*** Block opens ***
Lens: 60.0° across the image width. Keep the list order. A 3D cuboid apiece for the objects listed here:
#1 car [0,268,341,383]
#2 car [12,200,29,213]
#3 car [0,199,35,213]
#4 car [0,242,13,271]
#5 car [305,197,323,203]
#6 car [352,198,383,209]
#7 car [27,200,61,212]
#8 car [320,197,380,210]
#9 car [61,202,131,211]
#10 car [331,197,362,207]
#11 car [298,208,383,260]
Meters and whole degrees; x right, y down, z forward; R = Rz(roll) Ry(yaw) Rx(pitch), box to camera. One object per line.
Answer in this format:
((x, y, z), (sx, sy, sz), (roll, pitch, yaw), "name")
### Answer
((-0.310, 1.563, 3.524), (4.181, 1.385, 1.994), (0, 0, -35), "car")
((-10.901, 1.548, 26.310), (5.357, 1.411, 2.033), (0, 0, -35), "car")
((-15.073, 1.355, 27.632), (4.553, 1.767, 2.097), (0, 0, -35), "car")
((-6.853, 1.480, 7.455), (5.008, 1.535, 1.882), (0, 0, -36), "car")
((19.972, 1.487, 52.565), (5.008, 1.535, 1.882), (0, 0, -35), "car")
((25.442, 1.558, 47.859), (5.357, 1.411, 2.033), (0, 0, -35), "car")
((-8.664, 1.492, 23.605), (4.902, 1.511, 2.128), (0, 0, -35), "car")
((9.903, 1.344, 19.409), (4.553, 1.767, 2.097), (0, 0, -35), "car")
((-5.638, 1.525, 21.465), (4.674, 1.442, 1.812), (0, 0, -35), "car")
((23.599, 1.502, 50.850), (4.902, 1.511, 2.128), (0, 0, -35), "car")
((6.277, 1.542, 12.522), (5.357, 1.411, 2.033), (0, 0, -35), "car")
*** Block closes ***
* _WHAT THE TASK ASKS_: Your response must contain all of the records, copied exactly.

* _OUTPUT FOR THIS EXERCISE_:
Lens: 60.0° across the image width. Keep the list order. A 3D cuboid apiece for the objects listed here:
#1 car [0,268,341,383]
#2 car [12,200,29,213]
#3 car [0,199,35,213]
#4 car [0,242,13,271]
#5 car [305,197,323,203]
#6 car [352,198,383,209]
#7 car [27,200,61,212]
#8 car [320,197,380,210]
#9 car [61,202,131,211]
#10 car [331,197,362,207]
#11 car [298,208,383,260]
Meters and whole degrees; x right, y down, z forward; R = Rz(roll) Ry(yaw) Rx(pitch), box to camera. One object per line.
Answer in this format:
((x, y, z), (sx, sy, sz), (roll, pitch, yaw), "name")
### Answer
((-0.310, 1.563, 3.524), (4.181, 1.385, 1.994), (0, 0, -35), "car")
((-10.901, 1.548, 26.310), (5.357, 1.411, 2.033), (0, 0, -35), "car")
((-15.073, 1.355, 27.632), (4.553, 1.767, 2.097), (0, 0, -35), "car")
((-6.853, 1.480, 7.455), (5.008, 1.535, 1.882), (0, 0, -36), "car")
((19.972, 1.487, 52.565), (5.008, 1.535, 1.882), (0, 0, -35), "car")
((25.442, 1.558, 47.859), (5.357, 1.411, 2.033), (0, 0, -35), "car")
((-8.664, 1.492, 23.605), (4.902, 1.511, 2.128), (0, 0, -35), "car")
((9.903, 1.344, 19.409), (4.553, 1.767, 2.097), (0, 0, -35), "car")
((-5.638, 1.525, 21.465), (4.674, 1.442, 1.812), (0, 0, -35), "car")
((23.599, 1.502, 50.850), (4.902, 1.511, 2.128), (0, 0, -35), "car")
((6.277, 1.542, 12.522), (5.357, 1.411, 2.033), (0, 0, -35), "car")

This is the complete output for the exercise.